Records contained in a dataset
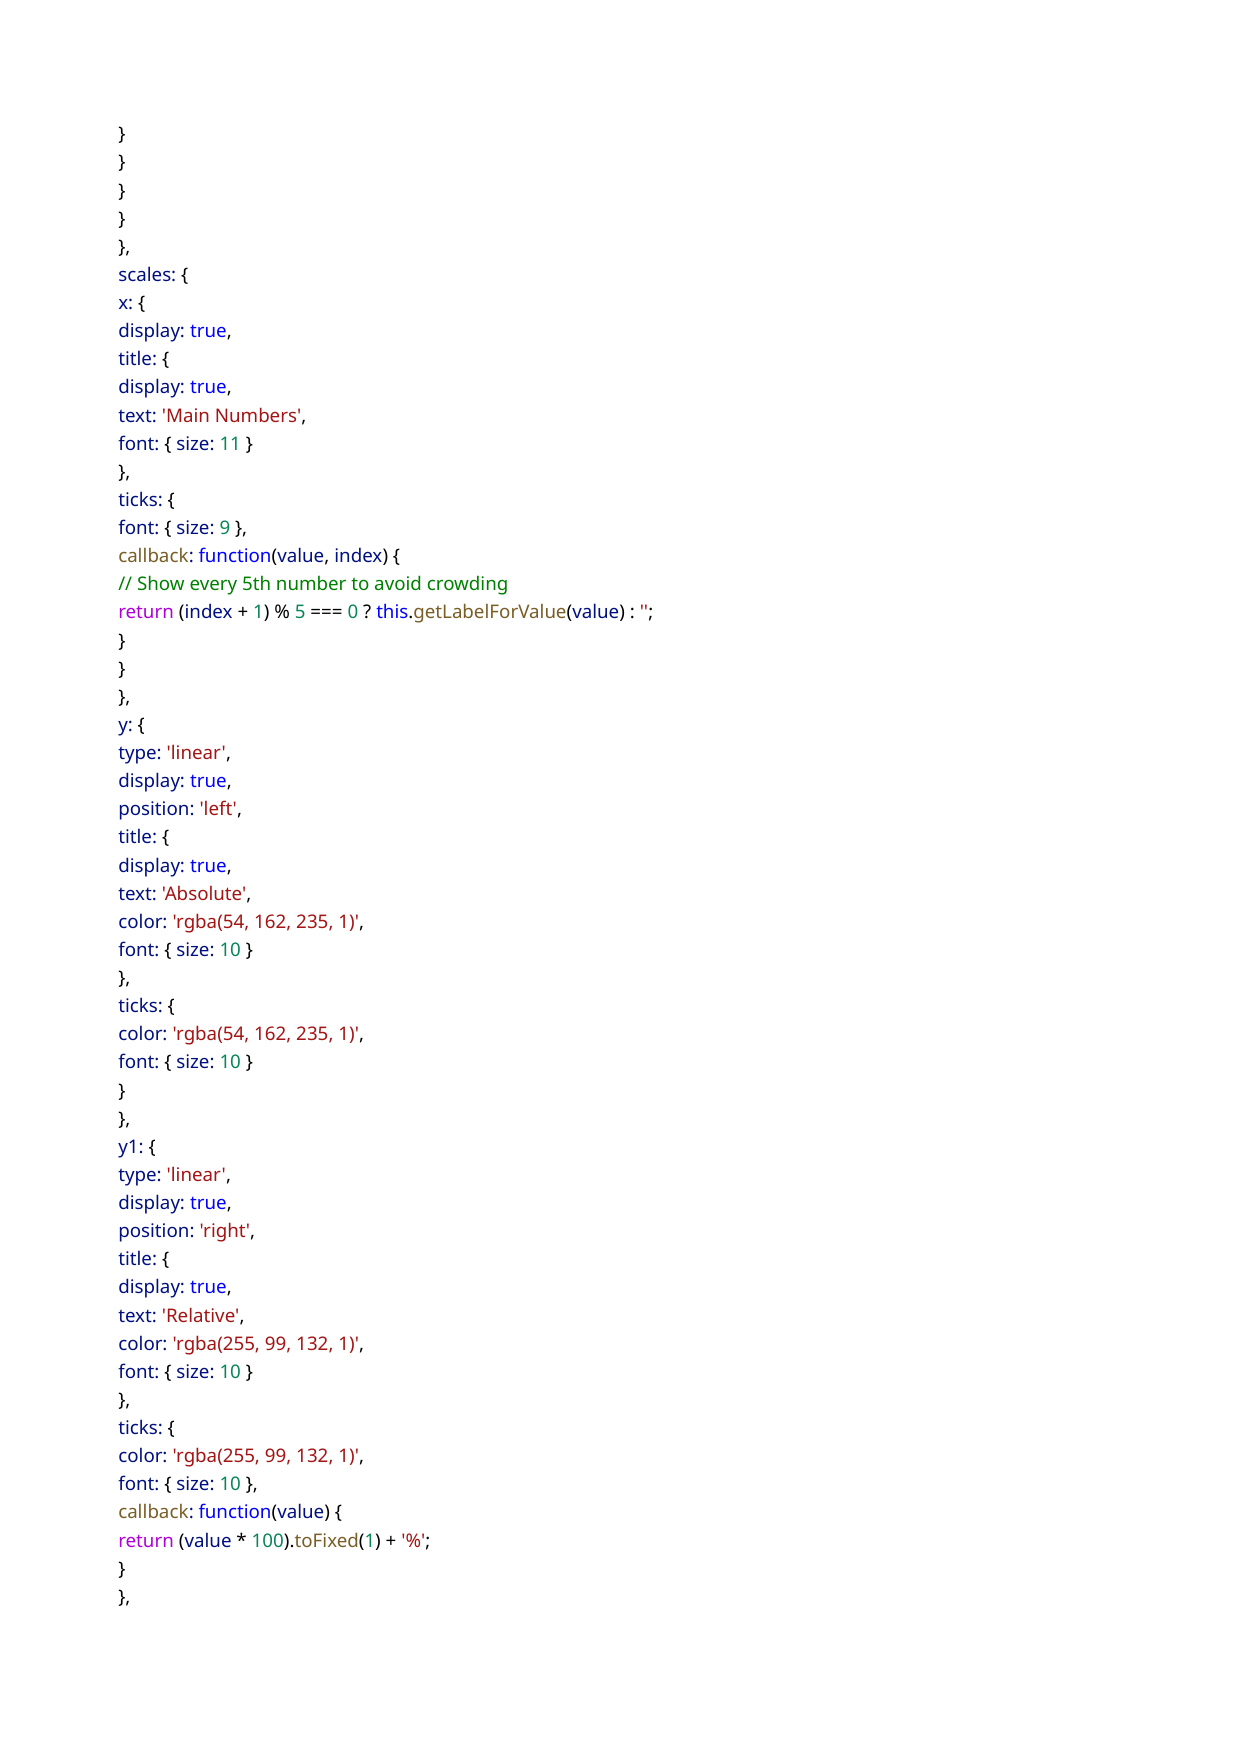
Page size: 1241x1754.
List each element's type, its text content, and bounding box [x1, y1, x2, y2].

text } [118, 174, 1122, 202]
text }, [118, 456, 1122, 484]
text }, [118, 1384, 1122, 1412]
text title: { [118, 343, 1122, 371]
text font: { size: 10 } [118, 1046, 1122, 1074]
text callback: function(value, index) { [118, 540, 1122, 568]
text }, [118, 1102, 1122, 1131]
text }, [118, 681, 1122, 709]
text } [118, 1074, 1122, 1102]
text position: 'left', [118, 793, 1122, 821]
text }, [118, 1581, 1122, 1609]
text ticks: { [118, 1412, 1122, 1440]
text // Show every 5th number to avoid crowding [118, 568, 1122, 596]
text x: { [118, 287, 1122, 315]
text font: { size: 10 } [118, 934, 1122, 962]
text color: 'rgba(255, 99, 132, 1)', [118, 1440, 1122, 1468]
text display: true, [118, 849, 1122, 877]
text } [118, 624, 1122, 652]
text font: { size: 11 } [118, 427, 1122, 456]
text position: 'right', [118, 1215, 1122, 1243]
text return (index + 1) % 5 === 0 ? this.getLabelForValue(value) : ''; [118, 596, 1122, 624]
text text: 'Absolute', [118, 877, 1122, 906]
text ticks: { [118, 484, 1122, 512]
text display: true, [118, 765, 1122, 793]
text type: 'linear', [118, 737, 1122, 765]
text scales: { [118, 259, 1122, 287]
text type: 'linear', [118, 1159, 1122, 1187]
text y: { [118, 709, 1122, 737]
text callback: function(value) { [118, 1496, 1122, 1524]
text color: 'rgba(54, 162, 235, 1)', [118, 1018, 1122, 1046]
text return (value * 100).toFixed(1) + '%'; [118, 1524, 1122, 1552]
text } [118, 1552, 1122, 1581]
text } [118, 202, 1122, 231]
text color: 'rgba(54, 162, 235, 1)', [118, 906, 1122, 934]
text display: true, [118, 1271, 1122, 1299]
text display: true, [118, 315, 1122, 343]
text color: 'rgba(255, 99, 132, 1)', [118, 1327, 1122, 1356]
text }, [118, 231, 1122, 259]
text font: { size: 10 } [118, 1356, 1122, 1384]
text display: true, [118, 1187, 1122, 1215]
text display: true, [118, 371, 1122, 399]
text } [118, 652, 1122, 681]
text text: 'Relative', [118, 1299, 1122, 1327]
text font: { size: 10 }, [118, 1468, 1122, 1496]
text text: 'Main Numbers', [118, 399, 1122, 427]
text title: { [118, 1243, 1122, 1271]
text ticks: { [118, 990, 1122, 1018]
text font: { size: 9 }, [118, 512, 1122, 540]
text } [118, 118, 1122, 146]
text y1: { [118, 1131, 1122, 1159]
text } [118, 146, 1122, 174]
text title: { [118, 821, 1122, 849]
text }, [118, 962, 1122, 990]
---
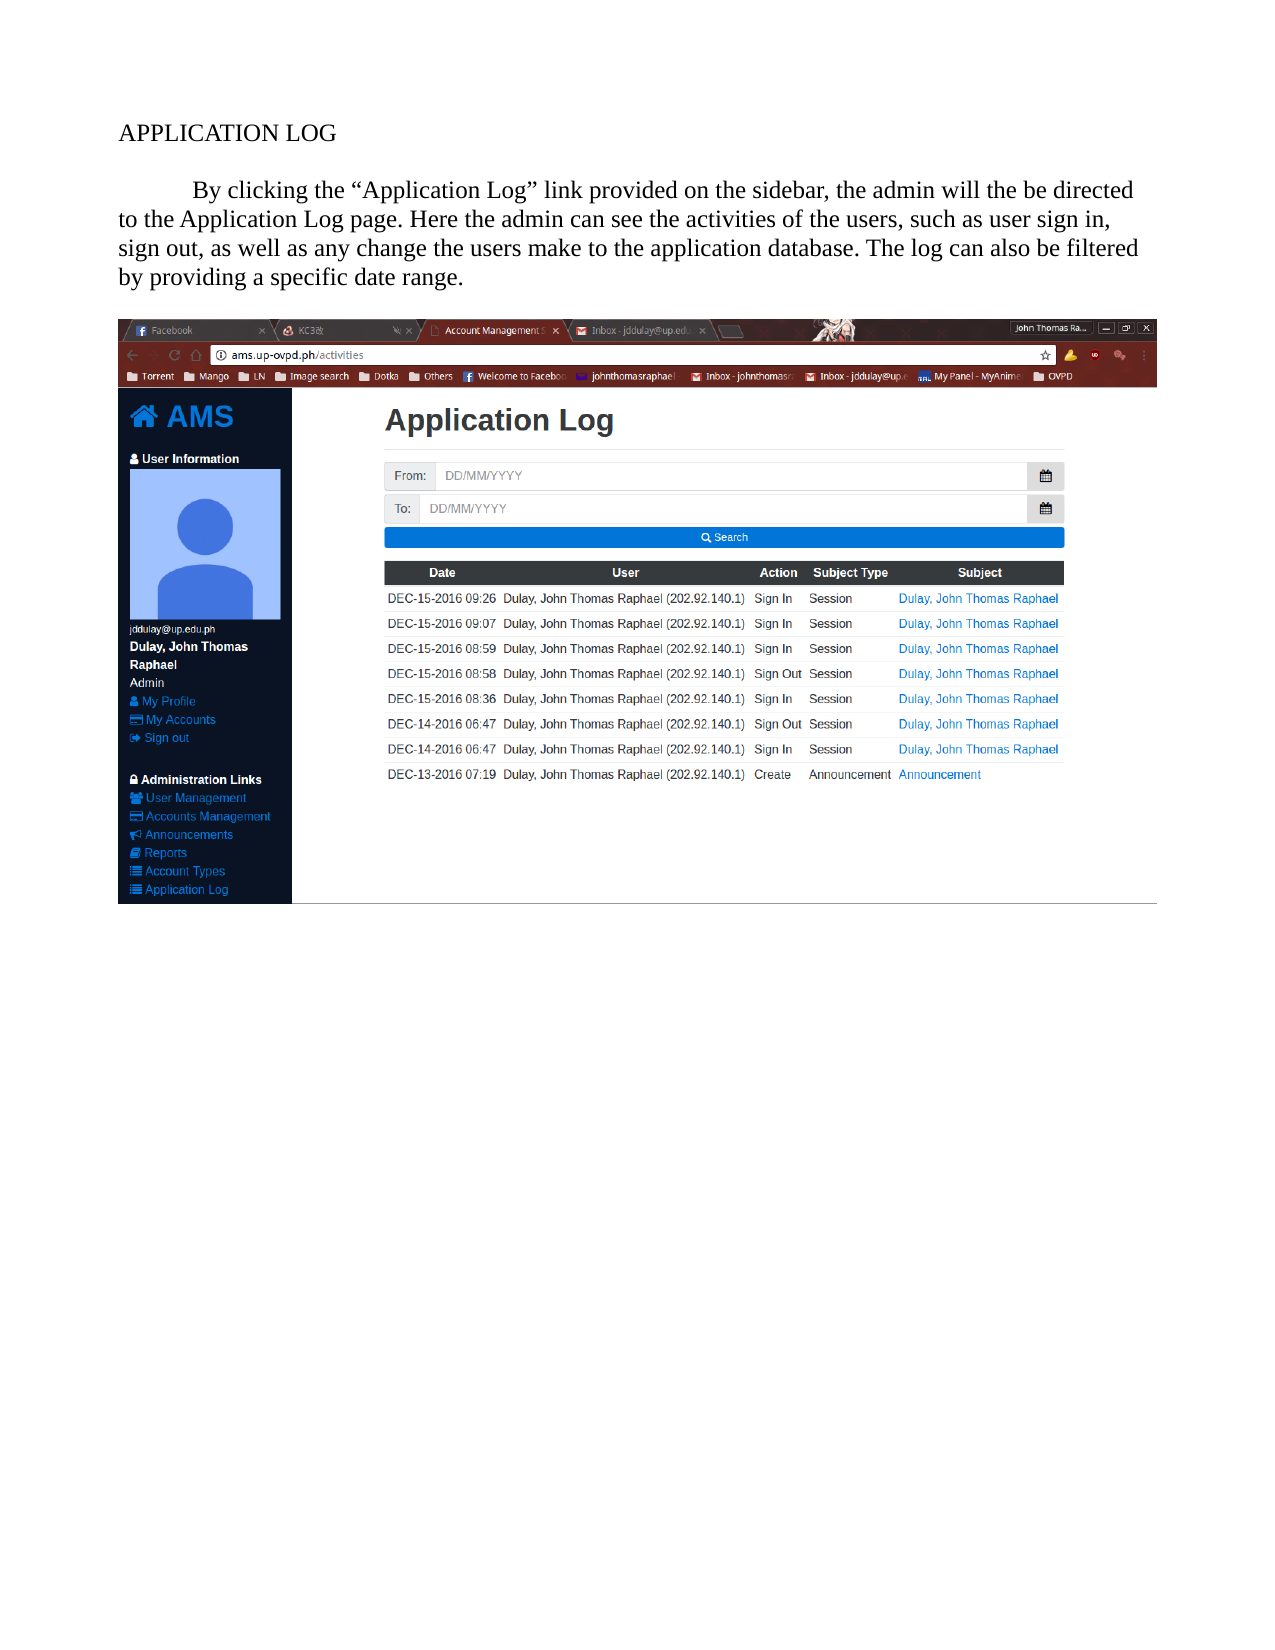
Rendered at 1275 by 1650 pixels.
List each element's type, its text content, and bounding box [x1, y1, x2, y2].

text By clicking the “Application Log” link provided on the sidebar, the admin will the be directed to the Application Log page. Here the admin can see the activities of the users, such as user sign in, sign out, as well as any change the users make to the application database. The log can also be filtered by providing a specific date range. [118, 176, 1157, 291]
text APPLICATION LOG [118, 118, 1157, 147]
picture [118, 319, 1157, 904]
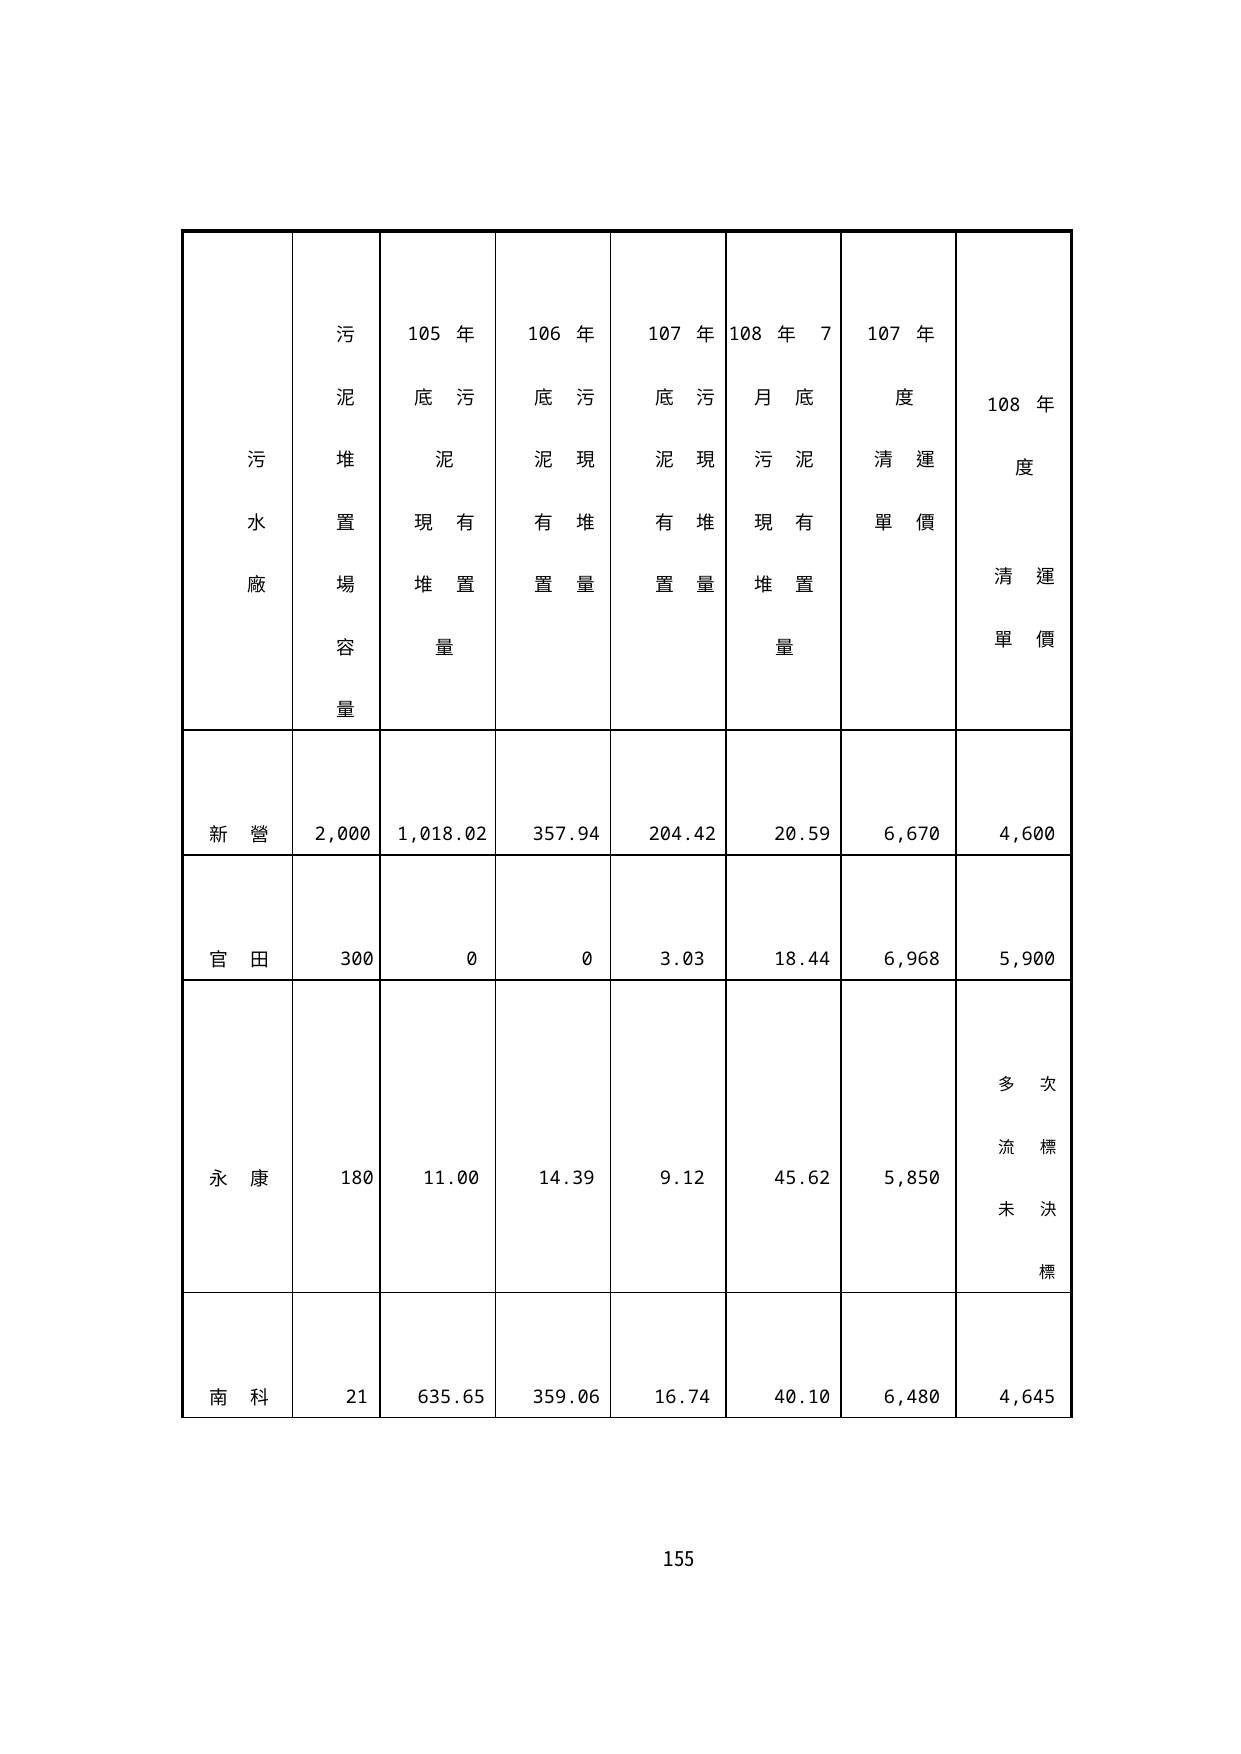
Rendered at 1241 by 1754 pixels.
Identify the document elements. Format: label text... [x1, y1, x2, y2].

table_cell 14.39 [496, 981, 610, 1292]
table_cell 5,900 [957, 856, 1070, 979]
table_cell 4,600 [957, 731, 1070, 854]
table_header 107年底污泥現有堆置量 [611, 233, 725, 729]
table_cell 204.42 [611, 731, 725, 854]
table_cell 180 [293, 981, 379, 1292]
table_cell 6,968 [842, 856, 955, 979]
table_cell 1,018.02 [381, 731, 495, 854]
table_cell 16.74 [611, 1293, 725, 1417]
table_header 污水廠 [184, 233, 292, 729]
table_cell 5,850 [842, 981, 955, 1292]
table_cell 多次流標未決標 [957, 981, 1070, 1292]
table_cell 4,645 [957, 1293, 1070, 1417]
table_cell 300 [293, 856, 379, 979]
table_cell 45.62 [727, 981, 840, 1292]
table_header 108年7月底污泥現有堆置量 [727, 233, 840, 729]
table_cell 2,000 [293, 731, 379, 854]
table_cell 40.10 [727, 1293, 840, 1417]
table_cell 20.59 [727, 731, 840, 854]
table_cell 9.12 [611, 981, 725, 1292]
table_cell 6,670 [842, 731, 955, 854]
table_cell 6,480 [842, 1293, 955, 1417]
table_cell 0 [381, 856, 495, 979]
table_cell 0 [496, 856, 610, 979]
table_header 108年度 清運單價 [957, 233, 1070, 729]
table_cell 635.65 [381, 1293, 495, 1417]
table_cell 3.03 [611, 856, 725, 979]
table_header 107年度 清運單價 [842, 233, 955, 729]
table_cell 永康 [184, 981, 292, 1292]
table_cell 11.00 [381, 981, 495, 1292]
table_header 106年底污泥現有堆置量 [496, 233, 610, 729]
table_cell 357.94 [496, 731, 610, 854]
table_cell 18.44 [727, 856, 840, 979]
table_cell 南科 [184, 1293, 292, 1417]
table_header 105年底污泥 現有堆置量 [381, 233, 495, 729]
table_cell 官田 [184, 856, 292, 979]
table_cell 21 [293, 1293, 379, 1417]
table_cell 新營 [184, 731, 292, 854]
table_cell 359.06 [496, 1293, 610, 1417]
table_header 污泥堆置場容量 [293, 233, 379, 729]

■ **Prompt**: Among the entries above, copy exactly only the lines starting with the one containing "text display: true, [118, 765, 1122, 793]" and going through the one containing "962, 1122, 990]", both ends included.

■ **Exercise answer**:
text display: true, [118, 765, 1122, 793]
text type: 'linear', [118, 737, 1122, 765]
text scales: { [118, 259, 1122, 287]
text type: 'linear', [118, 1159, 1122, 1187]
text y: { [118, 709, 1122, 737]
text callback: function(value) { [118, 1496, 1122, 1524]
text color: 'rgba(54, 162, 235, 1)', [118, 1018, 1122, 1046]
text return (value * 100).toFixed(1) + '%'; [118, 1524, 1122, 1552]
text } [118, 1552, 1122, 1581]
text } [118, 202, 1122, 231]
text color: 'rgba(54, 162, 235, 1)', [118, 906, 1122, 934]
text display: true, [118, 1271, 1122, 1299]
text display: true, [118, 315, 1122, 343]
text color: 'rgba(255, 99, 132, 1)', [118, 1327, 1122, 1356]
text }, [118, 231, 1122, 259]
text font: { size: 10 } [118, 1356, 1122, 1384]
text display: true, [118, 1187, 1122, 1215]
text display: true, [118, 371, 1122, 399]
text } [118, 652, 1122, 681]
text text: 'Relative', [118, 1299, 1122, 1327]
text font: { size: 10 }, [118, 1468, 1122, 1496]
text text: 'Main Numbers', [118, 399, 1122, 427]
text title: { [118, 1243, 1122, 1271]
text ticks: { [118, 990, 1122, 1018]
text font: { size: 9 }, [118, 512, 1122, 540]
text } [118, 118, 1122, 146]
text y1: { [118, 1131, 1122, 1159]
text } [118, 146, 1122, 174]
text title: { [118, 821, 1122, 849]
text }, [118, 962, 1122, 990]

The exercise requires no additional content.